— Только после вас.
Но Эпштейн остановился на пороге. Он увидел лицо женщины, застывшее, неподвижное.
— Подойдите поближе, не бойтесь, — предложил Кауц, но Эпштейн повернулся и отошел от двери.
— Она спит, — сказал Кауц, — ей все время впрыскивают снотворное, когда внутривенно, когда внутримышечно. Таблетки она принимать не может — желудок бунтует, ее сразу рвет. И все это с тех пор, как мы узнали, что ваш сын убил нашу девочку.
Эпштейн молчал.
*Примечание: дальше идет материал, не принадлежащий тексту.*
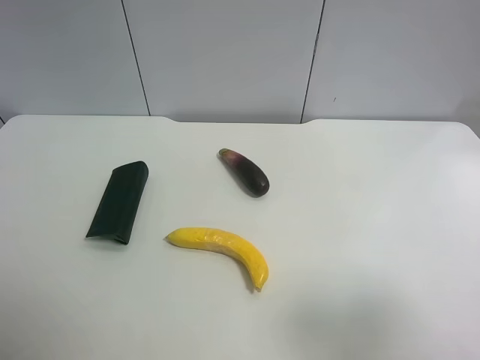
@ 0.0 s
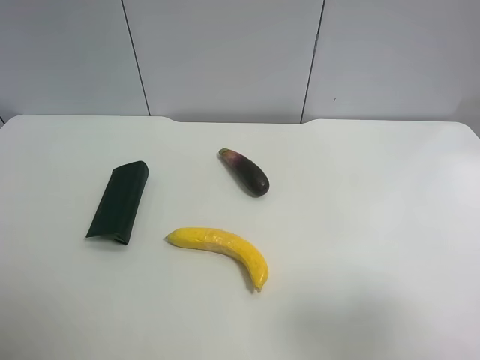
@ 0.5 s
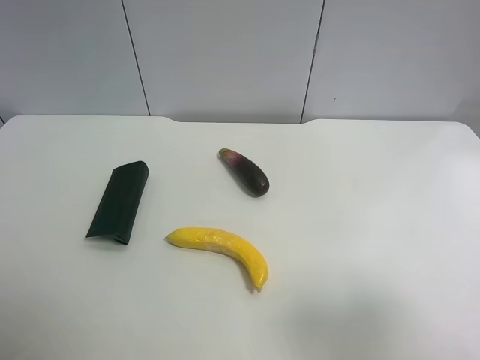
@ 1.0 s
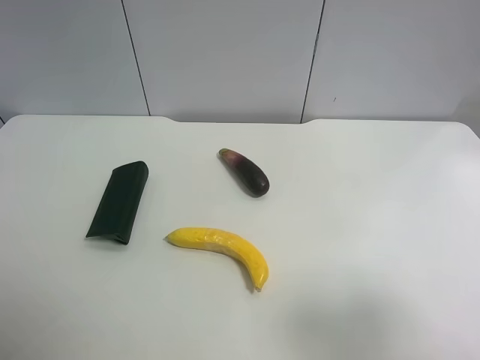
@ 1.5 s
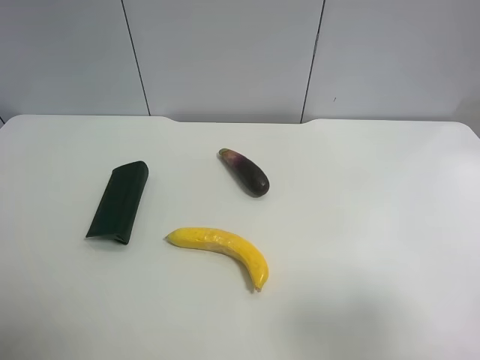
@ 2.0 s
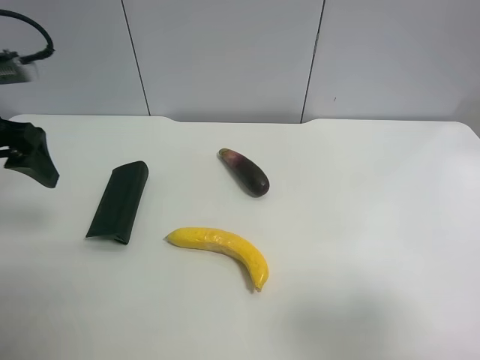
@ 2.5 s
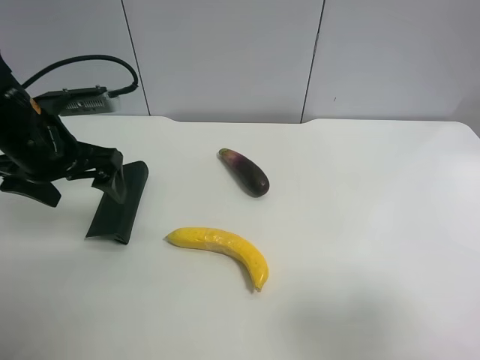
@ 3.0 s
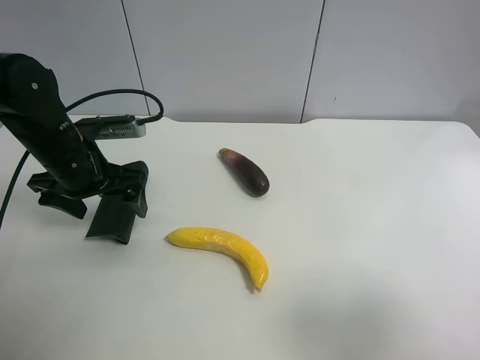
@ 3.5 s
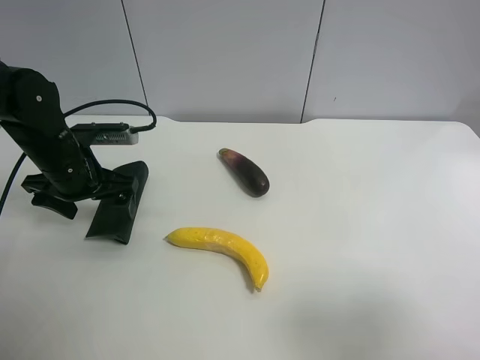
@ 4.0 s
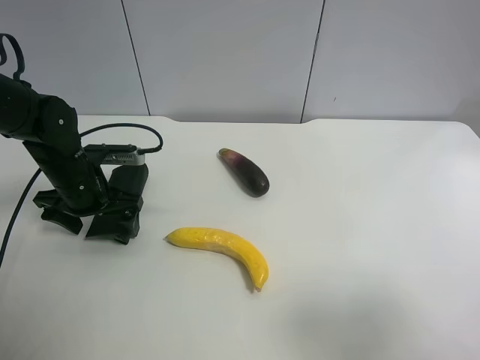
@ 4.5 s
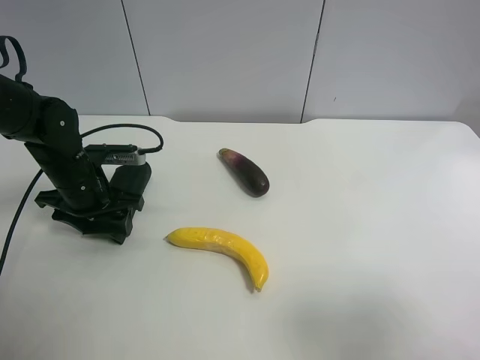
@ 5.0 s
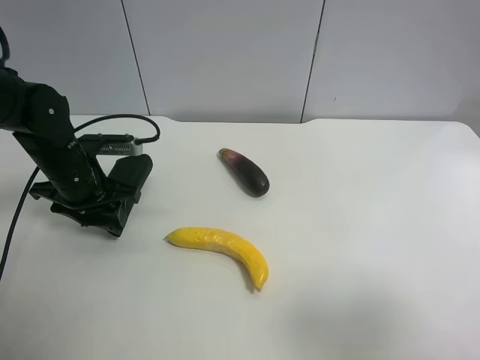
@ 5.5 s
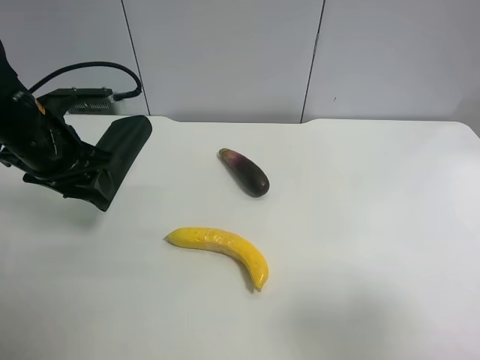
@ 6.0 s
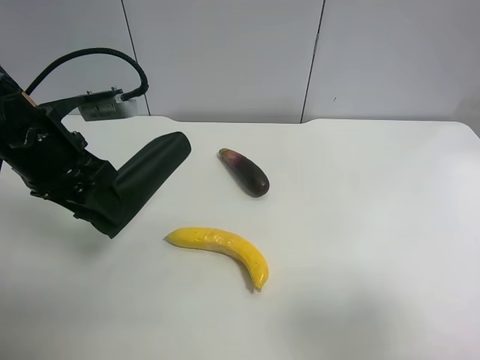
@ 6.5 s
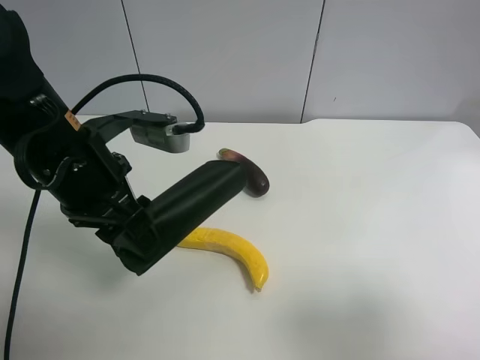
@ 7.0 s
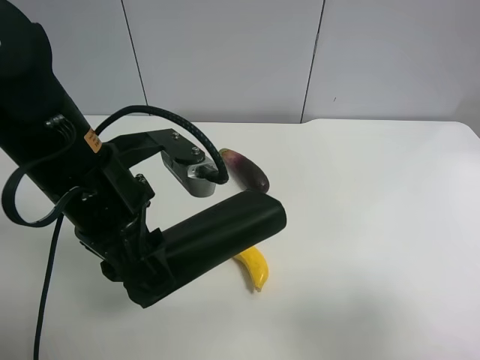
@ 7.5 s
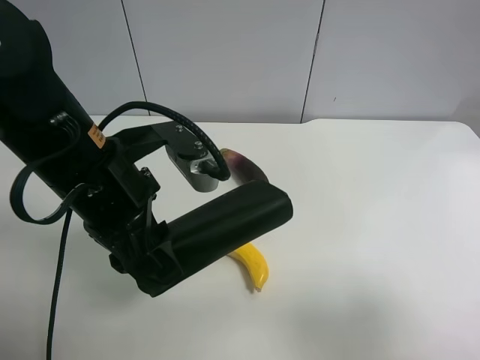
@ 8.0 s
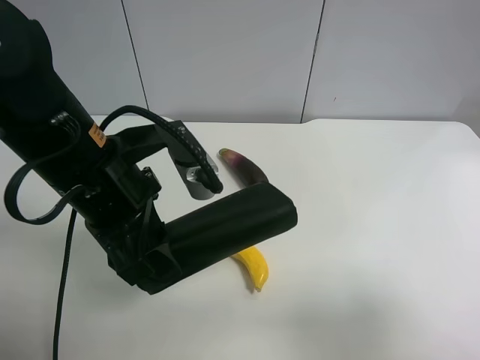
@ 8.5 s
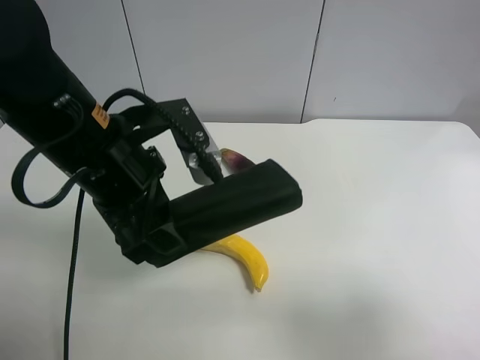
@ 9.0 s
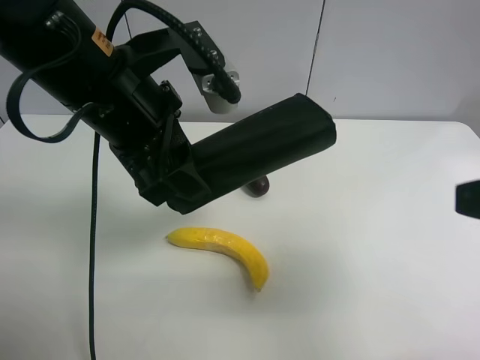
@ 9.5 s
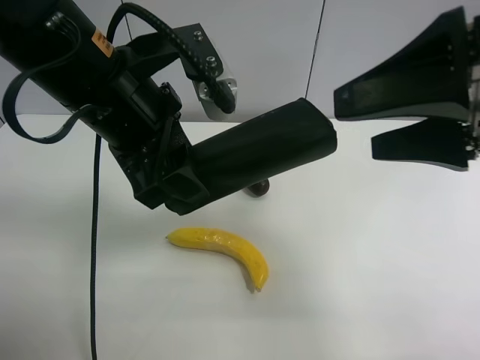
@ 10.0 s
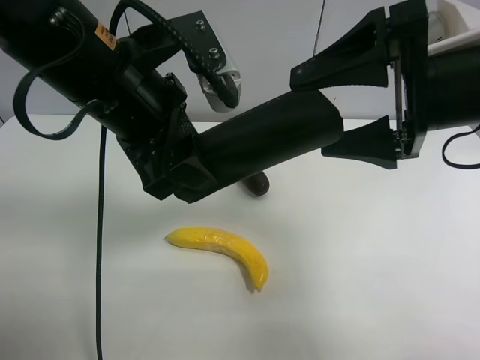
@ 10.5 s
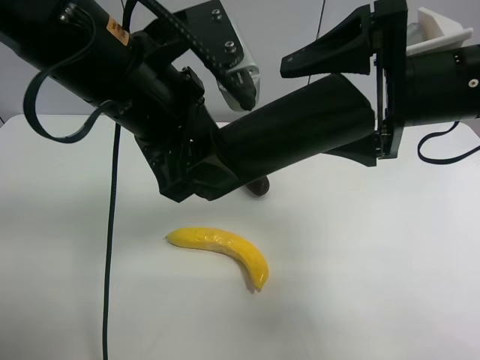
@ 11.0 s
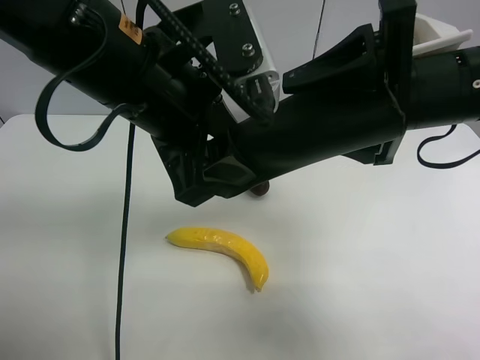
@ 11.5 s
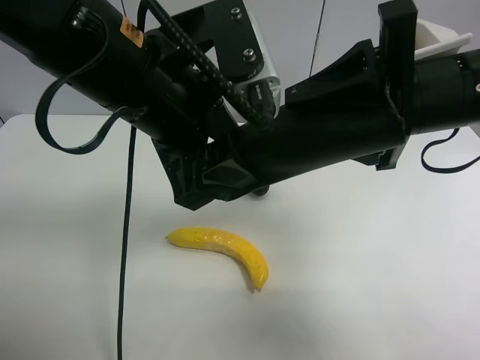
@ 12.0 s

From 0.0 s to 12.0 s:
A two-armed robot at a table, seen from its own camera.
Task of the whole recording: use the left gripper to pick up the item and transfer it from the left gripper to the right gripper.
From 2.0 s to 4.0 s: The left gripper goes roughly 25 cm downward, forward and to the right.
From 4.0 s to 6.0 s: The left gripper is displaced upward by about 5 cm, and closes its fingers.
From 6.0 s to 8.0 s: The left gripper shifts about 15 cm to the right and backward.
From 8.0 s to 10.0 s: The right gripper shifts roughly 20 cm forward and to the left. The left gripper travels upward by some 5 cm.
From 10.0 s to 12.0 s: The right gripper goes roughly 5 cm forward, and closes its fingers.

Но была секунда, когда он с трудом сдержал слезы. «Ваш сын убил нашу девочку…» Сейчас ему казалось, что конец всему — убивают его самого.
— Мразь, — пробормотал он.
— Простите, я вас не понял, — сказал Кауц.
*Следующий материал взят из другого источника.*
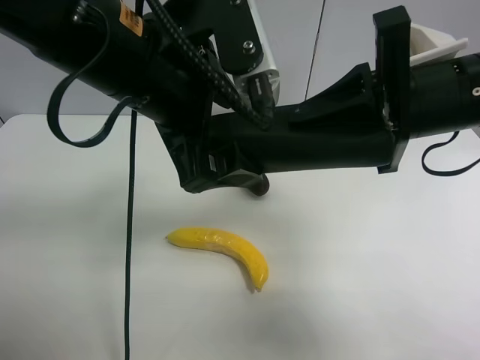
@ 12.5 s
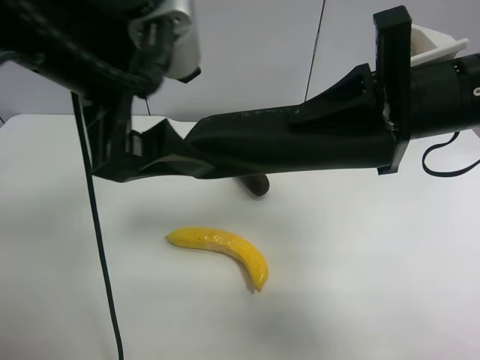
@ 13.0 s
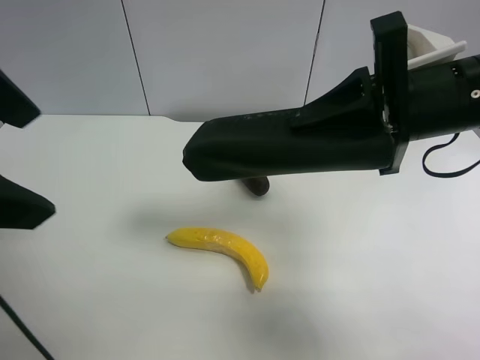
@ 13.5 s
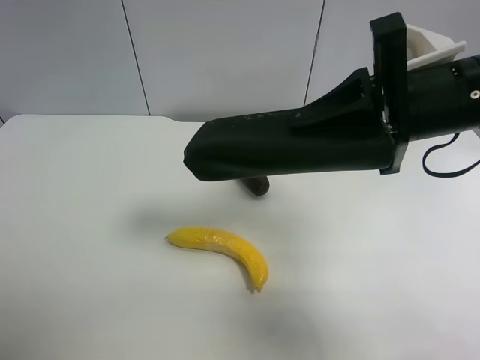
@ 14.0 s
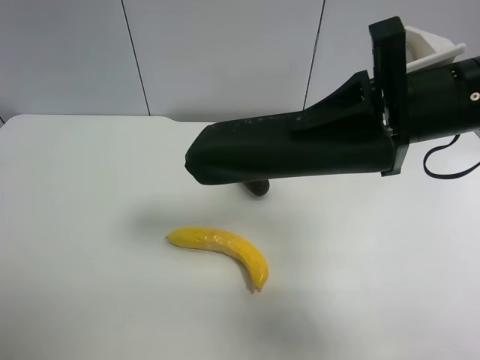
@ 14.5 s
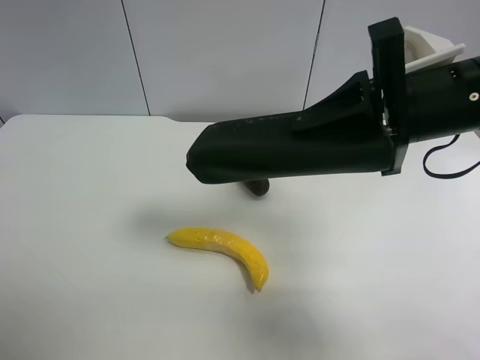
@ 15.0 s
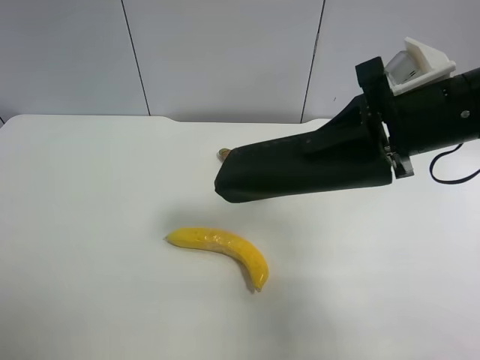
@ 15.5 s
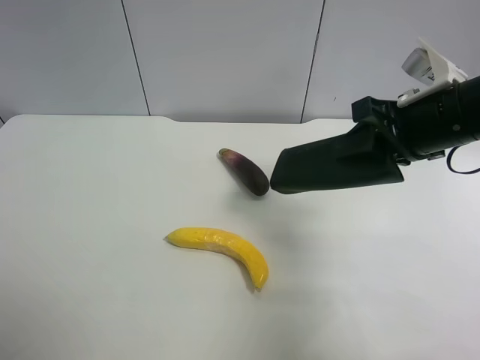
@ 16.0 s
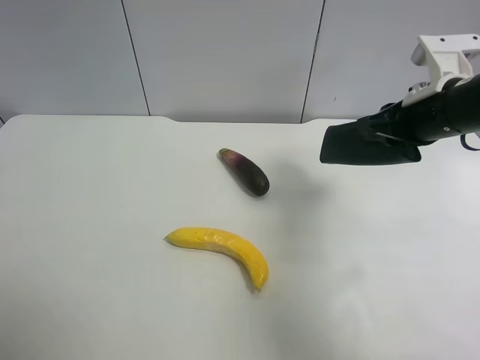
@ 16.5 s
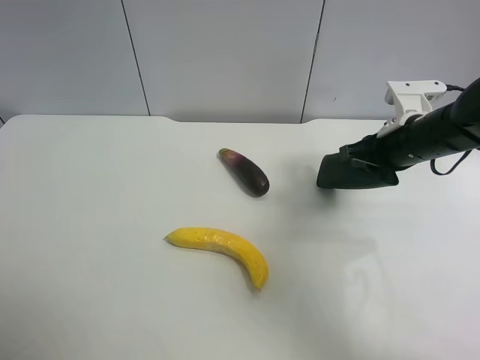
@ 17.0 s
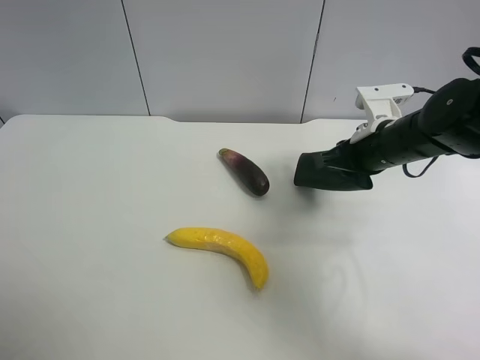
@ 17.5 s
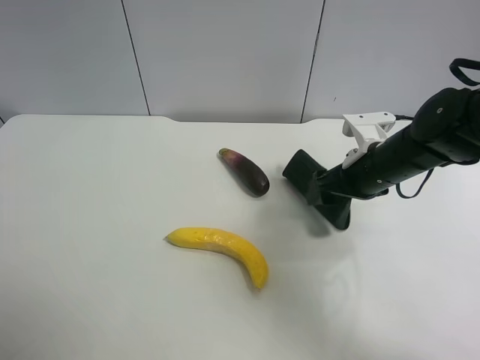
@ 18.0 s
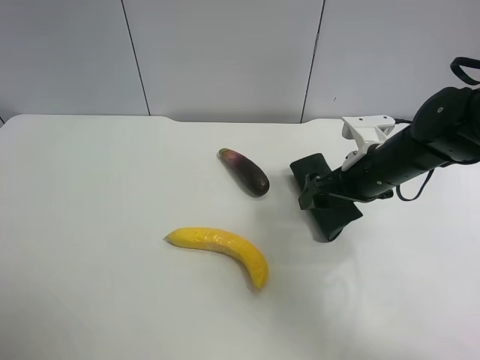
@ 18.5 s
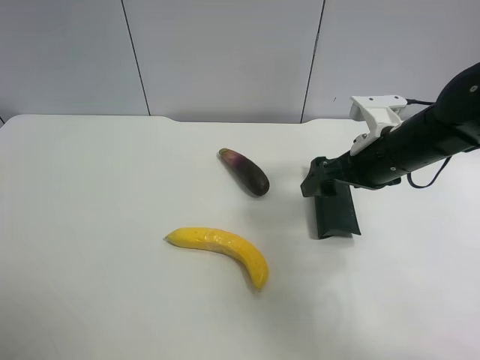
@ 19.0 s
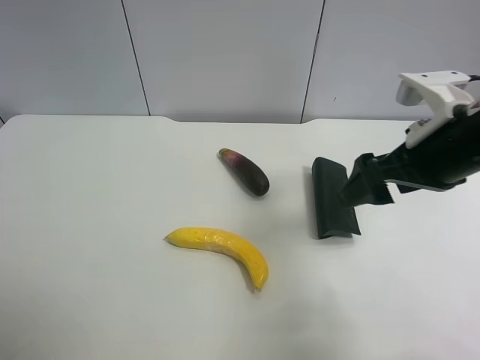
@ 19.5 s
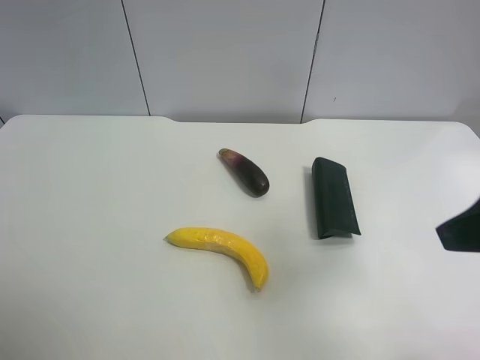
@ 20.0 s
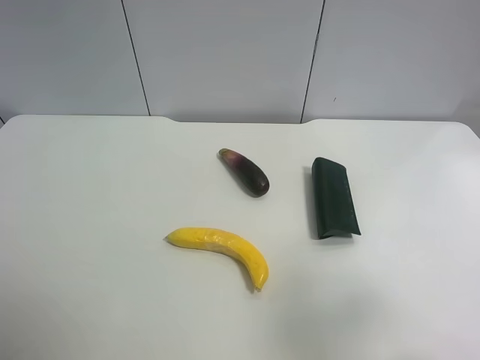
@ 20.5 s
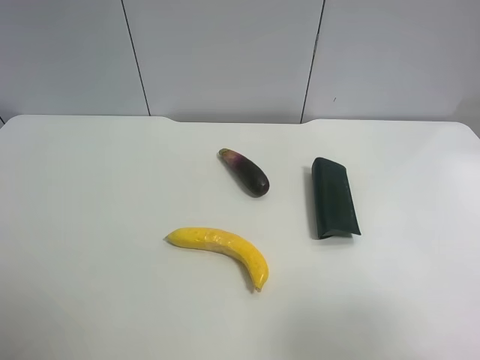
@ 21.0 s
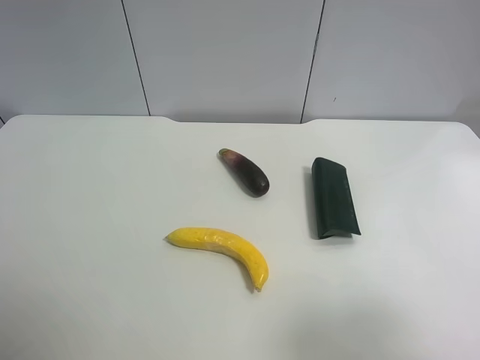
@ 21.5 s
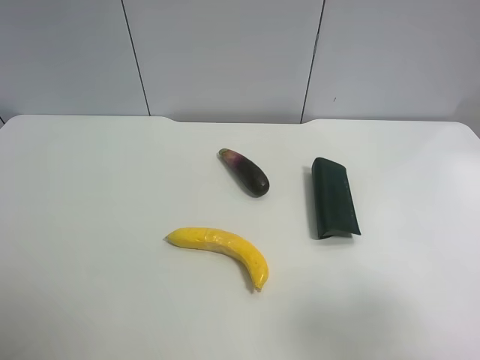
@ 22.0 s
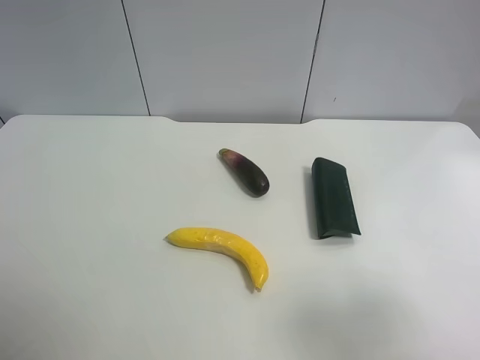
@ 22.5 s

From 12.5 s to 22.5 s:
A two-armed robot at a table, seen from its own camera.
Task of the whole recording: use the left gripper to pick up the item and transfer it from the left gripper to the right gripper.
From 12.5 s to 14.5 s: The left gripper travels to the left and backward by approximately 35 cm.
From 14.5 s to 16.5 s: The right gripper shifts some 10 cm forward, to the right and downward.
From 16.5 s to 18.5 s: The right gripper goes roughly 10 cm downward, and opens.
From 18.5 s to 20.5 s: The right gripper shifts roughly 30 cm backward and upward.

— Да нет, ничего, — ответил Эпштейн.
— Как видите, — заявил Кауц, — я нисколько не преувеличил. Если же вы тем не менее желаете получить заключение лечащего врача, то я освобожу его от обязательства хранить врачебную тайну. Я веду честную игру, в открытую…
— Ведете игру? — коротко и резко спросил Эпштейн.
— Извините, пожалуйста, этот проклятый жаргон…
Кауц распахнул еще одну дверь.
— А если вы соблаговолите заглянуть и сюда… Здесь спала наша девочка, наша маленькая Рут, да, теперь она уже больше здесь не спит. Кто знает, где покоится наше несчастное, невинное дитя?
— Большое спасибо, — выдавил из себя Эпштейн.
— Ах, да, — сказал Кауц, — я совсем забыл, ведь эту комнату засняли ваши фотографы, и опустевшую кровать тоже… Хороший фотограф, к сожалению, я забыл его фамилию…
— Надеюсь, вы получили за это немалую сумму, — заметил Эпштейн.
— Надо ведь как-то защищать свои интересы, — возразил Кауц.
Они вернулись в столовую, и Кауц поставил на стол бутылку виски, потом пошел на кухню и вернулся с графином воды и металлической вазочкой, полной кубиков льда.
— Вы необычайно любезны, — заметил Эпштейн.
— Сигареты или лучше сигару? — спросил Кауц.
— Спасибо, не надо, — ответил Эпштейн. — И виски тоже — самую малость.
— «И если мир так мрачен, — процитировал Кауц, — веселым быть старайся, сколько можешь».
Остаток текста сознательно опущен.